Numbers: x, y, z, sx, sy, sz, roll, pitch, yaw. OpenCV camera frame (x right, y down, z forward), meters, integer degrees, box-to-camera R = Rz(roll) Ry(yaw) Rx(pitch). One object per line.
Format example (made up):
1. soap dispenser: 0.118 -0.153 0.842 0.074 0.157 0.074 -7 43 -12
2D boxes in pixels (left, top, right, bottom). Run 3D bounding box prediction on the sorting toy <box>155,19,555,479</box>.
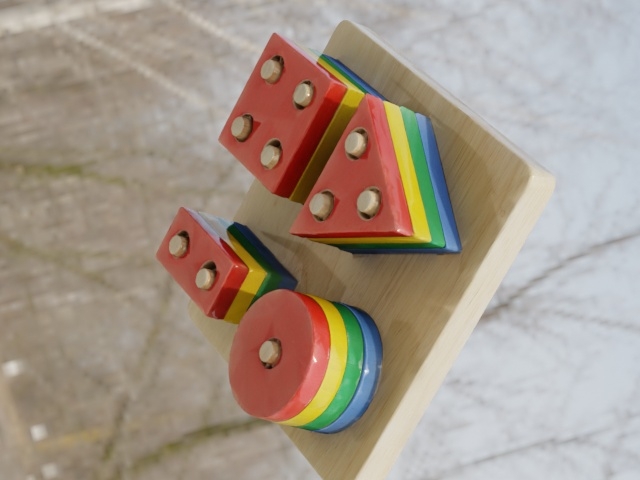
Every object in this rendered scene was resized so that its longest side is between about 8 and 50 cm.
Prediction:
1. sorting toy: 0.000 0.000 1.254 0.257 0.089 0.255 -61 -140 14
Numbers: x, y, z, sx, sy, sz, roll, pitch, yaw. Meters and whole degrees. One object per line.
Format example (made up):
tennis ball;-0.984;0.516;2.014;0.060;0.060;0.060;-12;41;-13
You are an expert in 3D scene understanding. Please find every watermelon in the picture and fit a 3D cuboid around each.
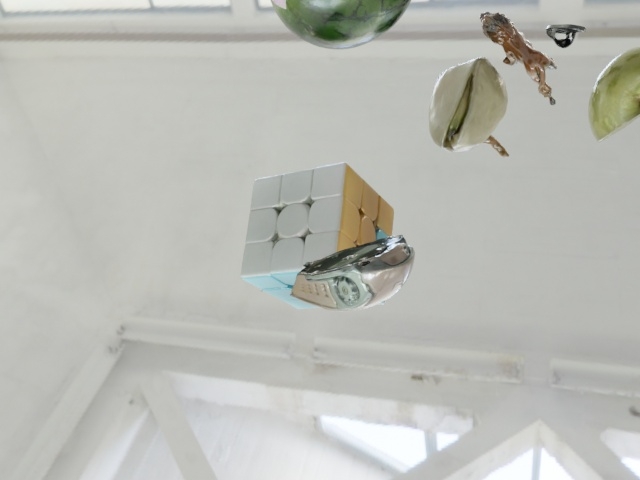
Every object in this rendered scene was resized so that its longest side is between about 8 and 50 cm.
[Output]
watermelon;0.053;-0.616;1.654;0.364;0.363;0.363;-7;-139;6

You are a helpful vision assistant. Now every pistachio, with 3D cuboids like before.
pistachio;0.401;-0.366;1.974;0.208;0.226;0.331;23;-120;11

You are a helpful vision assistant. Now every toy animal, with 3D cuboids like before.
toy animal;0.553;-0.522;1.980;0.097;0.158;0.312;-46;-116;17

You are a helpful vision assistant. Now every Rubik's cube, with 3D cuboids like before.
Rubik's cube;0.000;0.000;1.889;0.291;0.292;0.291;-7;-116;29

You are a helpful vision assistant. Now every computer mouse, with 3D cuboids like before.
computer mouse;0.055;0.084;1.487;0.200;0.114;0.389;-22;-175;-35

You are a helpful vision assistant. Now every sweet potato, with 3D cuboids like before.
sweet potato;0.478;-0.299;2.096;0.179;0.044;0.044;27;-132;0

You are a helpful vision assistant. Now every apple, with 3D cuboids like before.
apple;0.809;-0.355;1.733;0.295;0.233;0.258;4;-168;30

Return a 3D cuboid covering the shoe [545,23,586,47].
shoe;0.597;-0.501;1.759;0.062;0.053;0.159;6;-169;-8

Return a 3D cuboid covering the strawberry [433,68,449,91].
strawberry;0.396;-0.458;2.192;0.131;0.148;0.131;-11;-108;37
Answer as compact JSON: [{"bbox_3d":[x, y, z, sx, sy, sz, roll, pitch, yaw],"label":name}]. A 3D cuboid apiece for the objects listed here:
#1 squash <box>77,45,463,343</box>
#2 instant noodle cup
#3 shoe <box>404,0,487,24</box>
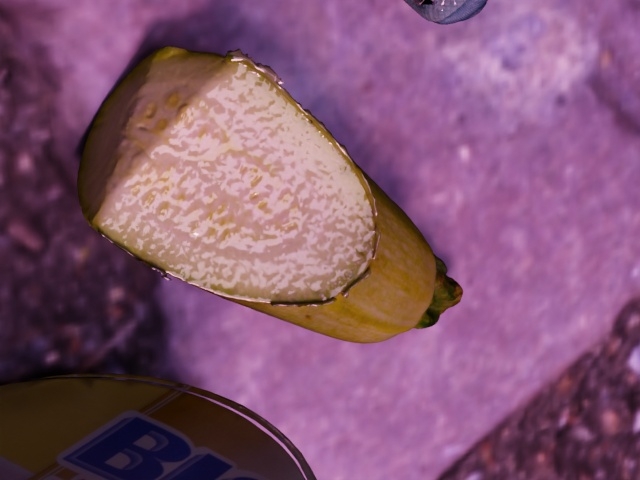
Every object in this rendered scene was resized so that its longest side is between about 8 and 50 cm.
[{"bbox_3d":[0.001,-0.001,0.743,0.200,0.075,0.090,29,65,-37],"label":"squash"},{"bbox_3d":[-0.100,0.167,0.682,0.205,0.205,0.153,-17,126,-26],"label":"instant noodle cup"},{"bbox_3d":[0.063,-0.141,0.733,0.207,0.091,0.106,10,124,-38],"label":"shoe"}]
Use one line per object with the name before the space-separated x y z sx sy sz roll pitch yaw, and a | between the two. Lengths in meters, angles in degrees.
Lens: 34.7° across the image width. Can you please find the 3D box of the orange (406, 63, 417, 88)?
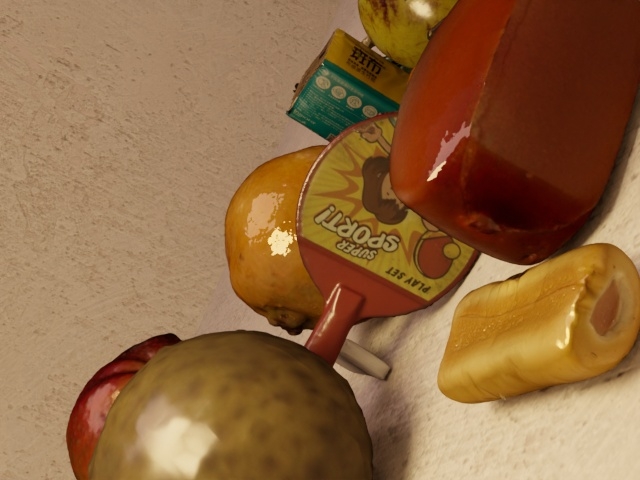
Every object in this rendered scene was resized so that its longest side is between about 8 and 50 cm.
orange | 0.219 -0.244 1.739 0.136 0.159 0.159 -3 49 29

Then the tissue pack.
tissue pack | 0.092 -0.267 2.014 0.192 0.271 0.134 -46 16 50

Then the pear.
pear | 0.212 -0.444 1.893 0.283 0.284 0.283 -58 13 21

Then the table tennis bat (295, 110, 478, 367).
table tennis bat | 0.076 0.012 1.471 0.414 0.268 0.051 -63 -2 12

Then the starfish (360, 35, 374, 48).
starfish | 0.248 -0.548 2.174 0.432 0.082 0.324 -38 -4 -20

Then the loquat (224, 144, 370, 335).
loquat | 0.000 0.000 1.691 0.328 0.329 0.328 -58 13 21

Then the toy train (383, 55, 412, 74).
toy train | 0.190 -0.357 2.152 0.248 0.159 0.101 -146 40 -78

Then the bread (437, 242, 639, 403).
bread | 0.223 0.097 1.066 0.305 0.091 0.141 146 143 -66

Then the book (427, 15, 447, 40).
book | 0.283 -0.333 1.613 0.228 0.160 0.024 155 132 -71

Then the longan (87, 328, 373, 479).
longan | -0.115 0.311 1.373 0.391 0.391 0.391 -58 13 21

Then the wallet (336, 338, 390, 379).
wallet | 0.047 0.182 1.624 0.033 0.095 0.190 -56 9 -10

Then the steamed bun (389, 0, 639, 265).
steamed bun | 0.228 -0.160 1.263 0.248 0.235 0.379 -28 37 64

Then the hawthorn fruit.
hawthorn fruit | -0.265 0.385 1.870 0.402 0.403 0.403 -58 13 21
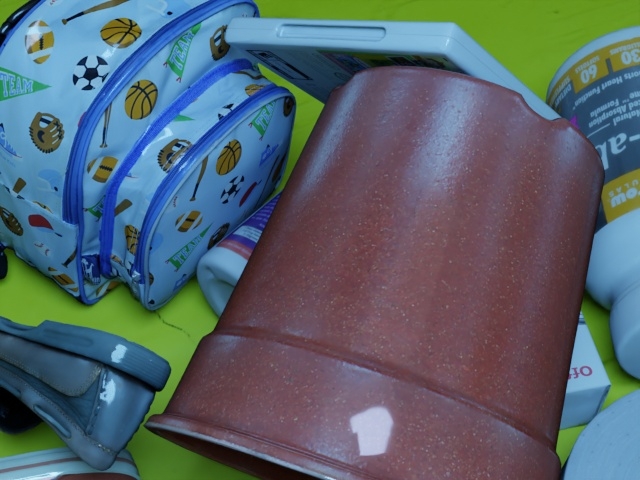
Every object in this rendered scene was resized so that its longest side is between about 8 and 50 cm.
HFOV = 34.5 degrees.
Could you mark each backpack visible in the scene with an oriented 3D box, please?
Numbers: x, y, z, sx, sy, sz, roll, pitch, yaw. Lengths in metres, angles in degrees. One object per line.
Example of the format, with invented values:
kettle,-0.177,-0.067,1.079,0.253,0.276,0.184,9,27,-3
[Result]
backpack,-0.148,-0.093,0.831,0.213,0.263,0.276,27,57,16

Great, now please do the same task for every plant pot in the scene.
plant pot,0.059,0.046,0.687,0.272,0.272,0.265,17,74,11

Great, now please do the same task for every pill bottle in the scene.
pill bottle,0.287,-0.033,0.861,0.162,0.162,0.278,-1,54,-2
pill bottle,0.000,0.000,0.863,0.108,0.108,0.193,37,62,23

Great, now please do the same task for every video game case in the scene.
video game case,0.067,-0.110,0.758,0.193,0.212,0.023,12,82,39

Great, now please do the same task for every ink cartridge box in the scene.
ink cartridge box,0.156,0.077,0.838,0.109,0.063,0.150,-9,54,-8

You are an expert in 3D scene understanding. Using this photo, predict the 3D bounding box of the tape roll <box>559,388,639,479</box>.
tape roll,0.275,0.214,0.738,0.219,0.072,0.219,0,54,0

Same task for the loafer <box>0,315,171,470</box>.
loafer,-0.213,0.103,0.734,0.267,0.096,0.084,-2,62,48

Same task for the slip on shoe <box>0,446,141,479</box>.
slip on shoe,-0.281,0.224,0.695,0.331,0.123,0.101,-10,59,-14
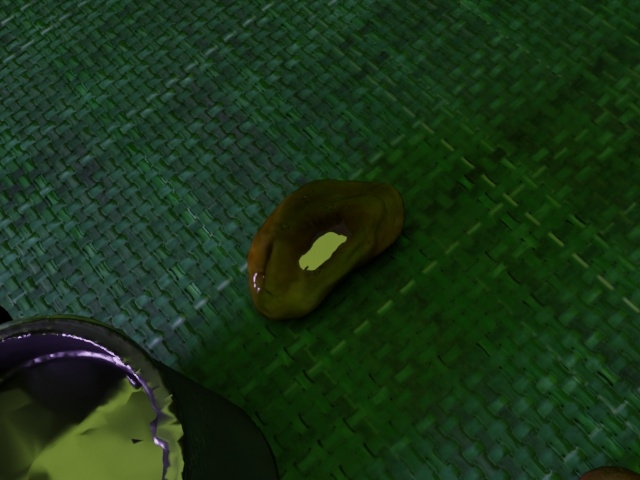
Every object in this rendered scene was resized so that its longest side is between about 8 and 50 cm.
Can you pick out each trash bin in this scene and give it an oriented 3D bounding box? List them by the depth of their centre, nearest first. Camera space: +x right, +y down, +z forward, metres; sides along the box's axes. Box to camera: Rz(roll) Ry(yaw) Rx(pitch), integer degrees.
[{"bbox_3d":[-0.165,0.199,0.535,0.217,0.262,0.277,-33,66,-4],"label":"trash bin"}]

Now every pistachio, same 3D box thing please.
[{"bbox_3d":[-0.001,-0.003,0.677,0.189,0.100,0.110,-38,70,-5],"label":"pistachio"}]

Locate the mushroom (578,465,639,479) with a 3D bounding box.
[{"bbox_3d":[0.256,0.243,0.534,0.088,0.073,0.129,-28,30,-17],"label":"mushroom"}]
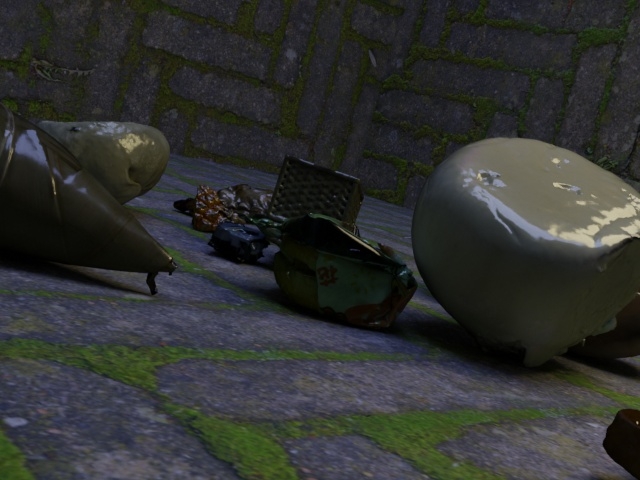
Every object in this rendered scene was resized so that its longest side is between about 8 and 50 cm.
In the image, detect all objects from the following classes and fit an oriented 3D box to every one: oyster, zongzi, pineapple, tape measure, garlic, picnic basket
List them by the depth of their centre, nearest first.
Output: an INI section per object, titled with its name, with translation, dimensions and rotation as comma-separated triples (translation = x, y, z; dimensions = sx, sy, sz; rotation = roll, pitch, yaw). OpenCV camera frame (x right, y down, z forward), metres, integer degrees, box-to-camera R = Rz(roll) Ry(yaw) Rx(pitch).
[zongzi]
translation = -0.400, -0.077, 1.124
dimensions = 0.418, 0.181, 0.447
rotation = 28, -1, -18
[garlic]
translation = 0.408, 0.086, 1.355
dimensions = 0.339, 0.196, 0.151
rotation = -3, -9, 24
[tape measure]
translation = -0.133, 0.002, 1.396
dimensions = 0.091, 0.054, 0.094
rotation = 23, 11, 14
[picnic basket]
translation = -0.012, -0.036, 1.457
dimensions = 0.134, 0.154, 0.196
rotation = 20, -3, 6
[pineapple]
translation = -0.199, -0.042, 1.644
dimensions = 0.114, 0.077, 0.114
rotation = 23, 38, -21
[oyster]
translation = -0.134, -0.070, 1.746
dimensions = 0.345, 0.078, 0.129
rotation = 5, 10, 15

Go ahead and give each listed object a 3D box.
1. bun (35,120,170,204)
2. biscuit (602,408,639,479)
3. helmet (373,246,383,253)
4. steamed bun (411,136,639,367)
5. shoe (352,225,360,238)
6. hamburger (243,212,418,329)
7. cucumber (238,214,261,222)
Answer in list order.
[bun]
translation = -0.391, -0.134, 1.551
dimensions = 0.260, 0.159, 0.259
rotation = -2, 5, 0
[biscuit]
translation = 0.407, 0.222, 0.705
dimensions = 0.351, 0.070, 0.394
rotation = 15, 6, 18
[helmet]
translation = 0.086, 0.047, 1.427
dimensions = 0.123, 0.070, 0.098
rotation = 18, 7, 31
[steamed bun]
translation = 0.284, 0.012, 1.221
dimensions = 0.334, 0.232, 0.312
rotation = -10, 41, -34
[shoe]
translation = -0.001, 0.000, 1.686
dimensions = 0.077, 0.074, 0.194
rotation = -8, -6, 37
[hamburger]
translation = 0.003, 0.031, 1.184
dimensions = 0.235, 0.125, 0.214
rotation = 16, 0, -17
[cucumber]
translation = -0.151, -0.054, 1.893
dimensions = 0.037, 0.037, 0.155
rotation = 19, 9, 34
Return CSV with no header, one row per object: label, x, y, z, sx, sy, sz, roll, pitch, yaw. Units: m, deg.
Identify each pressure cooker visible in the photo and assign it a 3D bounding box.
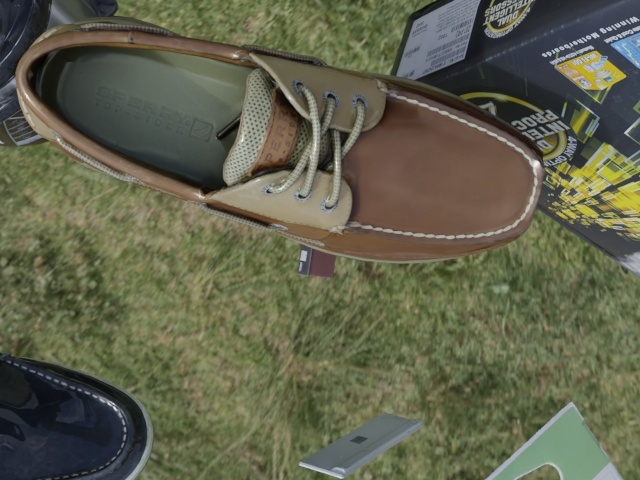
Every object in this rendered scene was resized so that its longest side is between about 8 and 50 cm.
pressure cooker,-0.587,-0.371,1.887,0.369,0.420,0.376,11,82,10

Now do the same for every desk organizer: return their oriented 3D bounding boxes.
desk organizer,0.000,0.000,1.812,0.050,0.047,0.130,9,89,-25

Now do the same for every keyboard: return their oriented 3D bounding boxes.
keyboard,0.065,0.295,1.500,0.072,0.256,0.014,4,99,31

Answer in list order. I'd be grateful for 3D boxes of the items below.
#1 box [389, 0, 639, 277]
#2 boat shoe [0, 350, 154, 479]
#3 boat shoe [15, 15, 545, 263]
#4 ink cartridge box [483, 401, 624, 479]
box,0.278,-0.092,0.661,0.318,0.097,0.395,28,158,-26
boat shoe,-0.426,0.186,1.110,0.499,0.187,0.156,15,157,-13
boat shoe,-0.028,-0.055,0.614,0.323,0.120,0.123,12,96,0
ink cartridge box,0.195,0.271,0.801,0.235,0.171,0.056,55,155,1
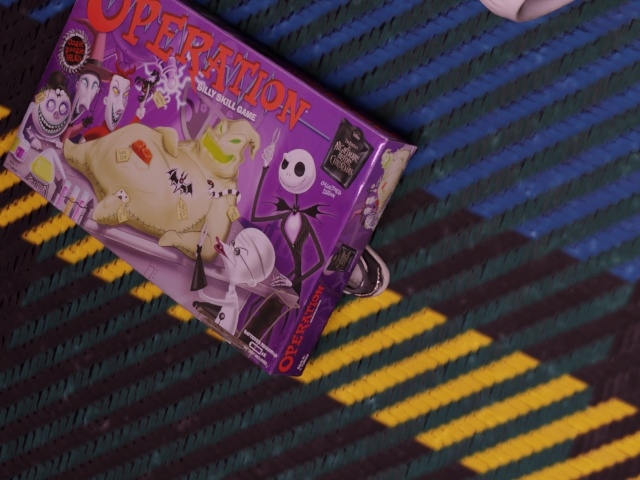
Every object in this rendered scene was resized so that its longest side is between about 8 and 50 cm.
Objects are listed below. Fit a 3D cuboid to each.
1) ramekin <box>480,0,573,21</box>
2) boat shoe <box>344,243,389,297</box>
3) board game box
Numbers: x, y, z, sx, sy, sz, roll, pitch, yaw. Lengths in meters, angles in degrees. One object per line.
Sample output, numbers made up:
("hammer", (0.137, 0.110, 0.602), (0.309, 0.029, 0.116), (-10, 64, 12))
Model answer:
("ramekin", (0.173, -0.242, 1.339), (0.207, 0.207, 0.109), (-37, 82, 24))
("boat shoe", (0.000, 0.000, 1.522), (0.125, 0.038, 0.046), (46, 110, 22))
("board game box", (-0.100, -0.067, 1.550), (0.347, 0.056, 0.208), (35, 102, 34))
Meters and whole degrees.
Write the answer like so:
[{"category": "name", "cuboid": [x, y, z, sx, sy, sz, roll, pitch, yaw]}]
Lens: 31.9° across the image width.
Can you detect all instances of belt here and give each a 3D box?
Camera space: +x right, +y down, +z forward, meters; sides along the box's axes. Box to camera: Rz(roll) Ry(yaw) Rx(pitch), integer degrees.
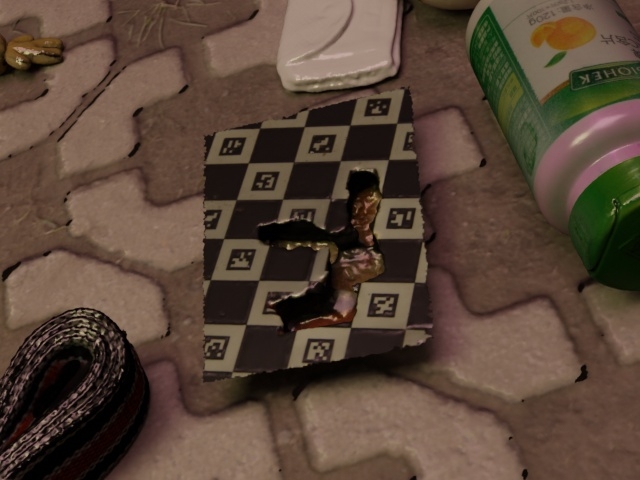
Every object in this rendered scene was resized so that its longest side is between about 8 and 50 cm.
[{"category": "belt", "cuboid": [-0.241, 0.206, 0.796, 0.126, 0.094, 0.359, 11, 54, 28]}]

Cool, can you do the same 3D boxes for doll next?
[{"category": "doll", "cuboid": [-0.331, -0.208, 1.217, 0.093, 0.051, 0.061, -14, 41, 5]}]

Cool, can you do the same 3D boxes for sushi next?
[{"category": "sushi", "cuboid": [0.000, 0.000, 0.927, 0.192, 0.043, 0.280, -12, 48, 9]}]

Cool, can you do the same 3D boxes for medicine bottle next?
[{"category": "medicine bottle", "cuboid": [0.211, -0.092, 0.876, 0.133, 0.133, 0.274, -18, 48, 3]}]

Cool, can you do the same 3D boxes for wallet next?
[{"category": "wallet", "cuboid": [0.021, -0.221, 1.122, 0.124, 0.032, 0.183, -4, 48, 13]}]

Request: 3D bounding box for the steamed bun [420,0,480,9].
[{"category": "steamed bun", "cuboid": [0.141, -0.332, 1.096, 0.177, 0.130, 0.228, -4, 79, 19]}]
....
# Task prompt:
The lines to return begin at the first line of the records and end at the line holding "2D boxes in"; please return them exactly, including both, and nothing beyond.

# Output of the task:
Numbers: x, y, z, sx, sy, sz, roll, pitch, yaw. OpenCV camera frame (x right, y down, z forward), meters, integer degrees, box-to-camera R = Rz(roll) Ry(yaw) Rx(pitch). One object per line.
Format example (made up):
1. soap dispenser: 0.118 -0.153 0.842 0.074 0.157 0.074 -7 43 -12
2D boxes in pixels (left, top, right, bottom). Run 3D bounding box prediction on the sorting toy <box>155,19,555,479</box>.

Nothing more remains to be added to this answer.